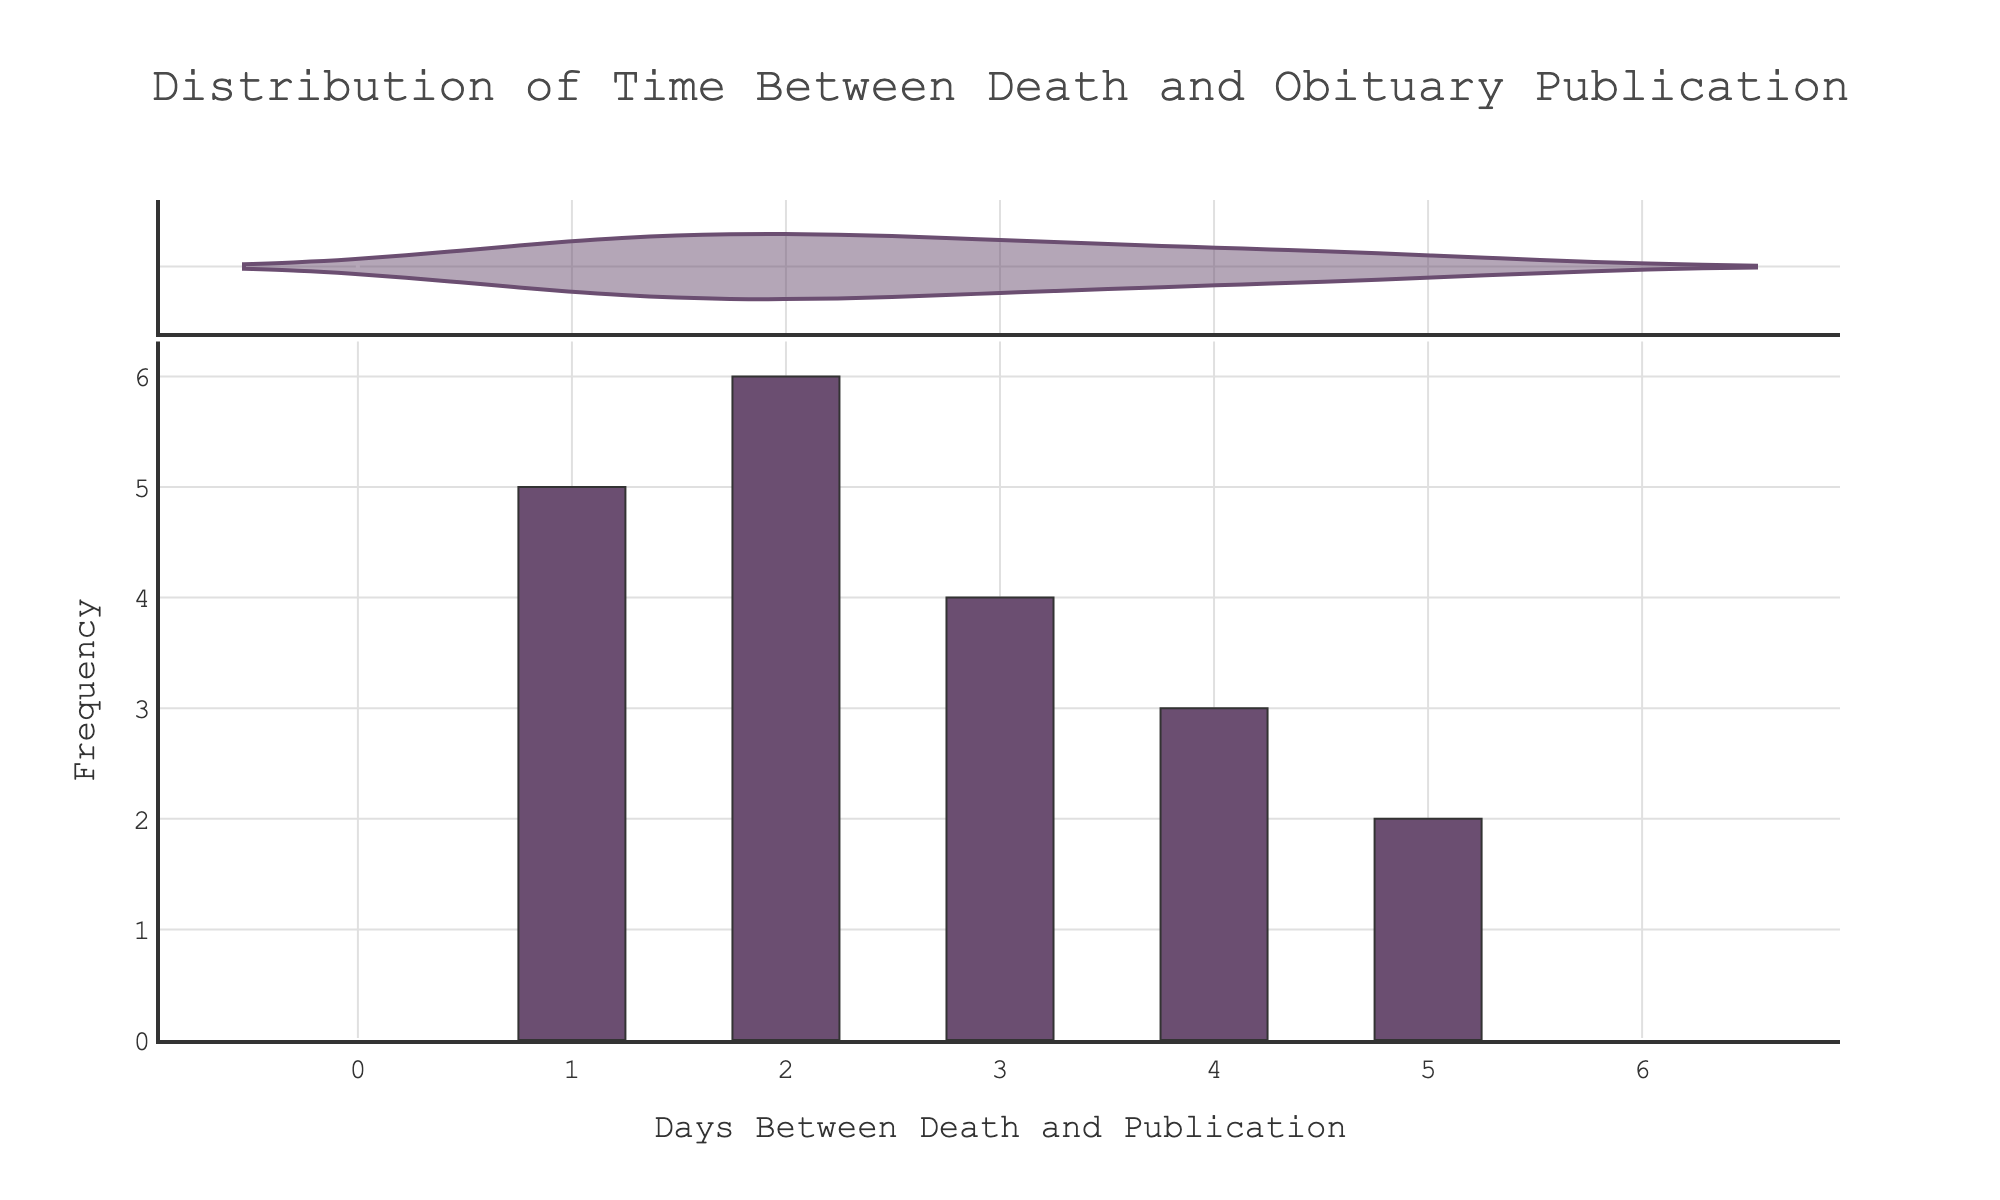What's the title of the plot? The title is usually displayed at the top of the plot and summarizes the content or purpose of the visualization. In this case, it reads "Distribution of Time Between Death and Obituary Publication."
Answer: Distribution of Time Between Death and Obituary Publication What is the most frequent number of days between death and obituary publication? To find the most frequent number of days, look at the tallest bar in the histogram. The x-axis value corresponding to this bar is the most common interval. The highest bars correspond to 1 and 2 days.
Answer: 1 and 2 days How many days show up in the histogram's x-axis? Examine the x-axis of the density plot, which is likely marked with ticks and labels indicating different days. The x-axis goes from 0 to at least 5.
Answer: At least 0 to 5 days What color is used for the bars in the histogram? The visual appearance of the bars can be described by their color, visible in the figure. The bars are filled with a shade, which in this case is purple.
Answer: Purple Which range of days has the lowest frequency of obituary publication? To determine this, look for the shortest bars in the histogram, indicating lower frequency. It's clear that the 4-day and 5-day intervals have shorter bars.
Answer: 4 and 5 days What is the overall range of days plotted on the x-axis? Inspect the x-axis to determine the intervals it covers. It appears to range from 0 to at least 5 days judging by the visible tick marks.
Answer: 0 to 5 days How does the frequency of days differ between 2 and 4? Compare the heights of the bars corresponding to 2 and 4 days. The bar for 2 days is visibly taller than the bar for 4 days, indicating higher frequency.
Answer: 2 days is more frequent than 4 days What is the average number of days between death and publication of the obituary, based on the plot? To find the average, note the frequencies of each interval and calculate a weighted average: assume the data values are [1x5 + 2x7 + 3x4 + 4x3 + 5x2], sum these and divide by the total count (21). \( (1*5 + 2*7 + 3*4 + 4*3 + 5*2) = (5 + 14 + 12 + 12 + 10) = 53 \), then \( 53 / 21 ≈ 2.52 \).
Answer: Approximately 2.52 days How does the distribution of days between death and obituary publication skew? Skewness refers to the asymmetry of the distribution. Here, the higher frequency at lower days suggests a left (negative) skew. Longer intervals are less frequent.
Answer: Left-skewed 
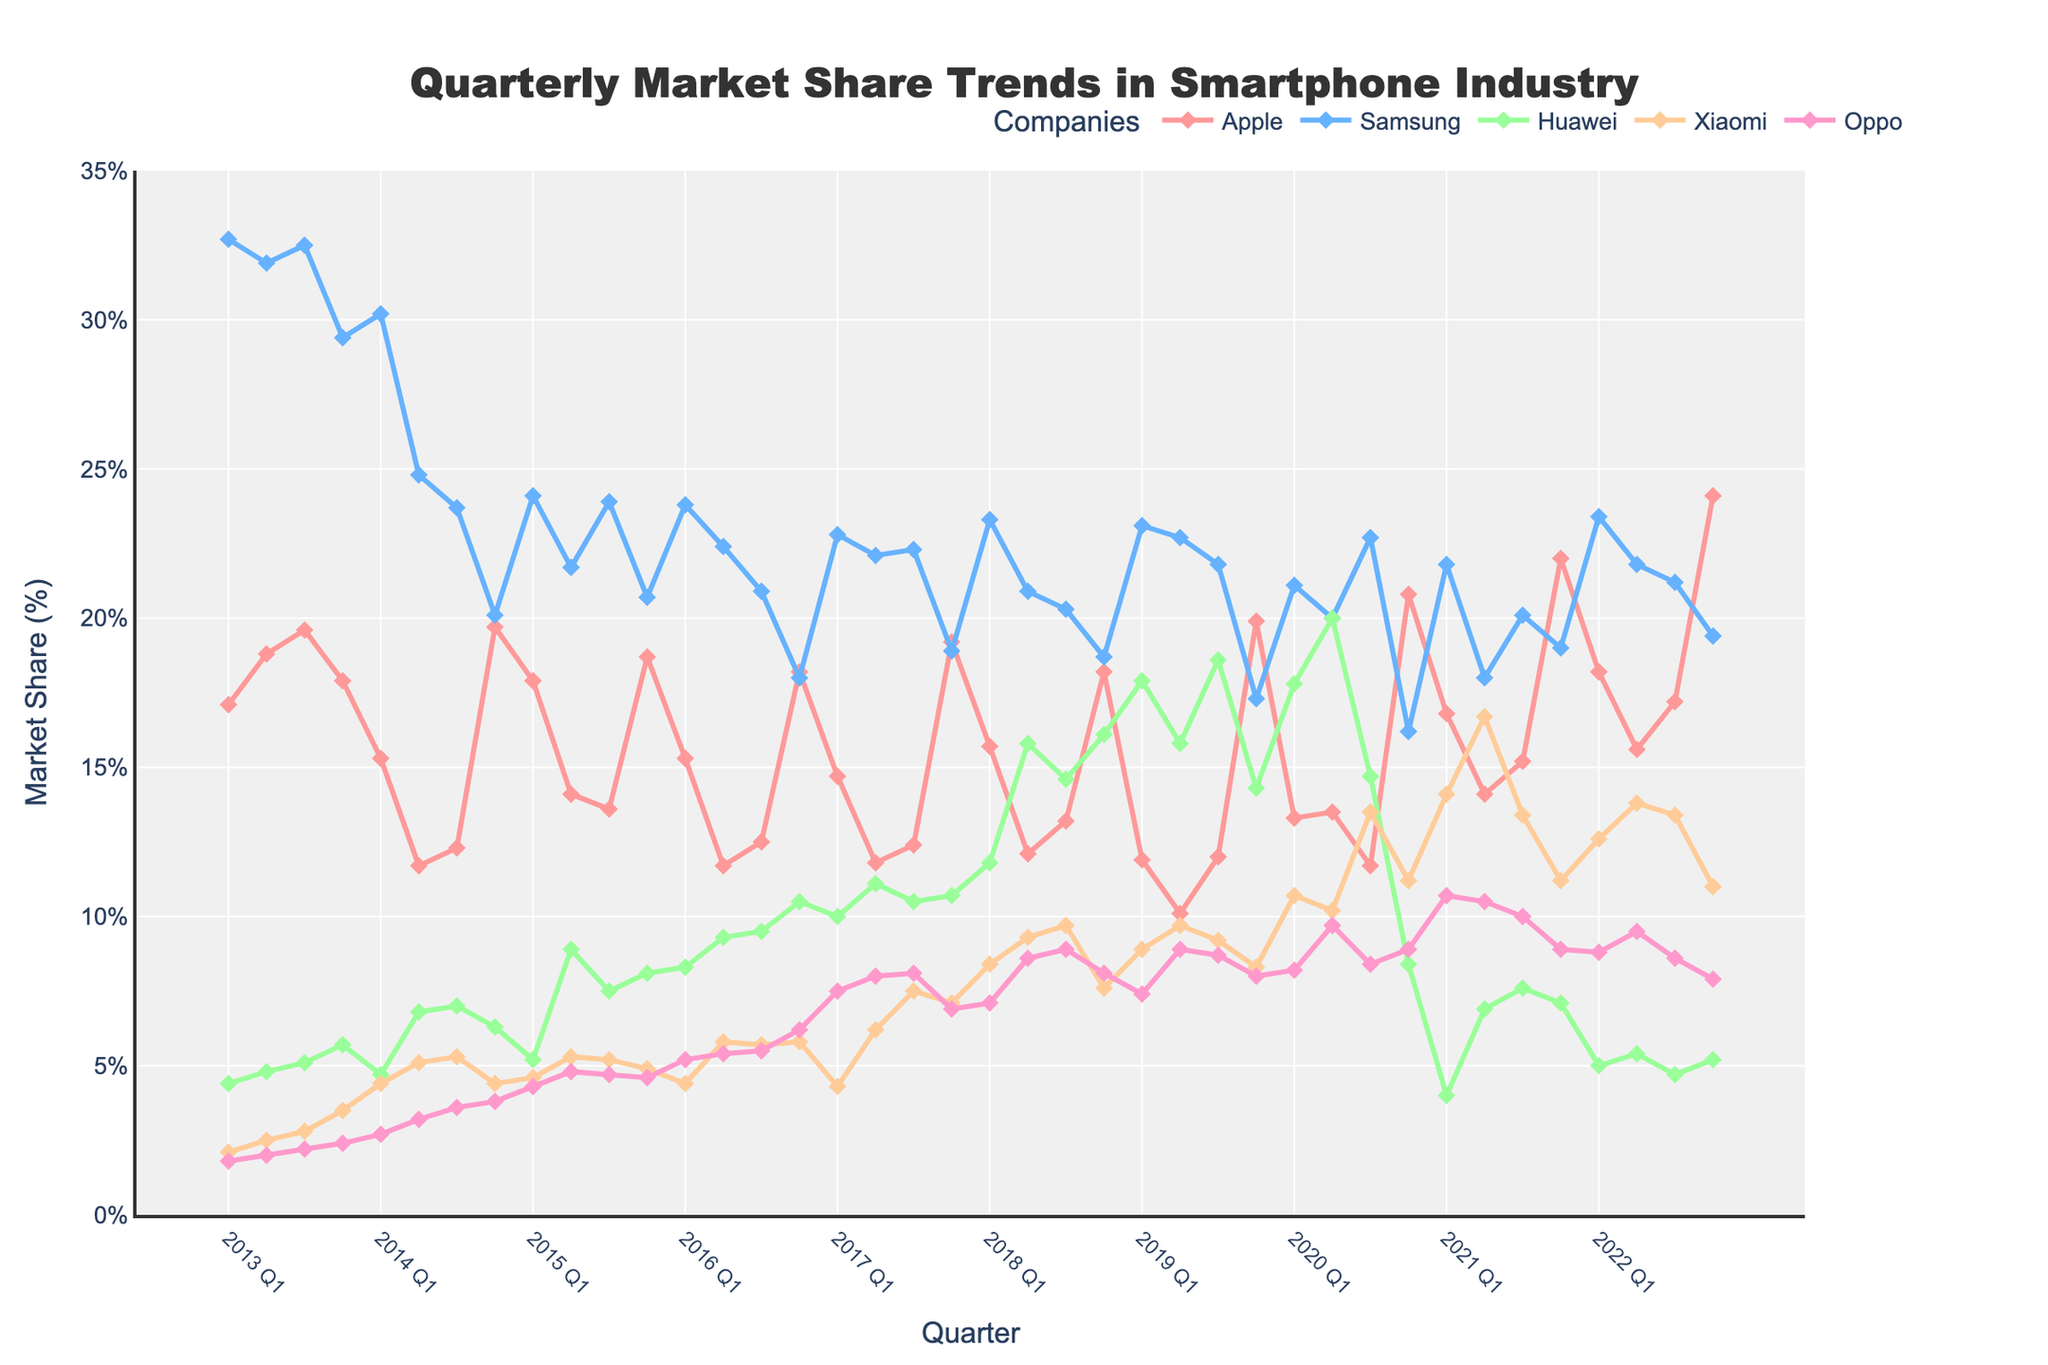What's the highest market share Apple achieved? Look for the highest peak in Apple's trend line on the chart. The highest point is at the end of 2022 Q4 where it reaches 24.1%.
Answer: 24.1% Which company had the lowest market share in 2013 Q4? Compare the market shares for all companies in 2013 Q4. The lowest market share is Oppo with 2.4%.
Answer: Oppo Which quarter did Xiaomi surpass Huawei in market share for the first time? Observe the trend lines of Xiaomi and Huawei and find the first intersection point. In 2020 Q3, Xiaomi's market share (13.5%) is higher than Huawei's (14.7%).
Answer: 2020 Q3 During which quarter(s) did Samsung and Huawei have the same market share? Look for the points where the lines for Samsung and Huawei intersect. In 2022 Q1, both Samsung and Huawei have a market share of 23.4%.
Answer: 2022 Q1 How many times did Apple's market share peak at over 20%? Count the number of peaks in Apple's trend line that exceed 20%. Apple's market share exceeds 20% in 2014 Q4, 2016 Q4, 2017 Q4, 2019 Q4, 2020 Q4, 2021 Q4, and 2022 Q4, making a total of 7 times.
Answer: 7 Between 2018 and 2019, did Huawei's market share increase or decrease, and by how much? Compare Huawei's market share at the end of 2018 (16.1% in Q4) and at the end of 2019 (14.3% in Q4). The difference is 16.1% - 14.3% = 1.8%. This is a decrease.
Answer: Decrease by 1.8% Which company showed the most consistent performance over the last decade? Look for a trend line that fluctuates the least. Samsung's line appears relatively stable around 20-30%.
Answer: Samsung Did Oppo's market share ever surpass 10%? If so, when? Look for points where Oppo's line crosses the 10% threshold. Oppo's market share surpasses 10% in 2020 Q1 (10.7%), 2021 Q1 (10.7%), and 2021 Q2 (10.5%).
Answer: Yes, in 2020 Q1, 2021 Q1, and 2021 Q2 What is the average market share of Xiaomi over the period of 2020? Average the market share values of Xiaomi for 2020: (10.7% + 10.2% + 13.5% + 11.2%) / 4 = 11.4%.
Answer: 11.4%

• • • •

_Brief_
Going back over the entries above, copy word for word every line from the one that has "Answer: 2022 Q1" on through the one that has "Answer: Decrease by".

_Problem solution_
Answer: 2022 Q1 How many times did Apple's market share peak at over 20%? Count the number of peaks in Apple's trend line that exceed 20%. Apple's market share exceeds 20% in 2014 Q4, 2016 Q4, 2017 Q4, 2019 Q4, 2020 Q4, 2021 Q4, and 2022 Q4, making a total of 7 times.
Answer: 7 Between 2018 and 2019, did Huawei's market share increase or decrease, and by how much? Compare Huawei's market share at the end of 2018 (16.1% in Q4) and at the end of 2019 (14.3% in Q4). The difference is 16.1% - 14.3% = 1.8%. This is a decrease.
Answer: Decrease by 1.8% Which company showed the most consistent performance over the last decade? Look for a trend line that fluctuates the least. Samsung's line appears relatively stable around 20-30%.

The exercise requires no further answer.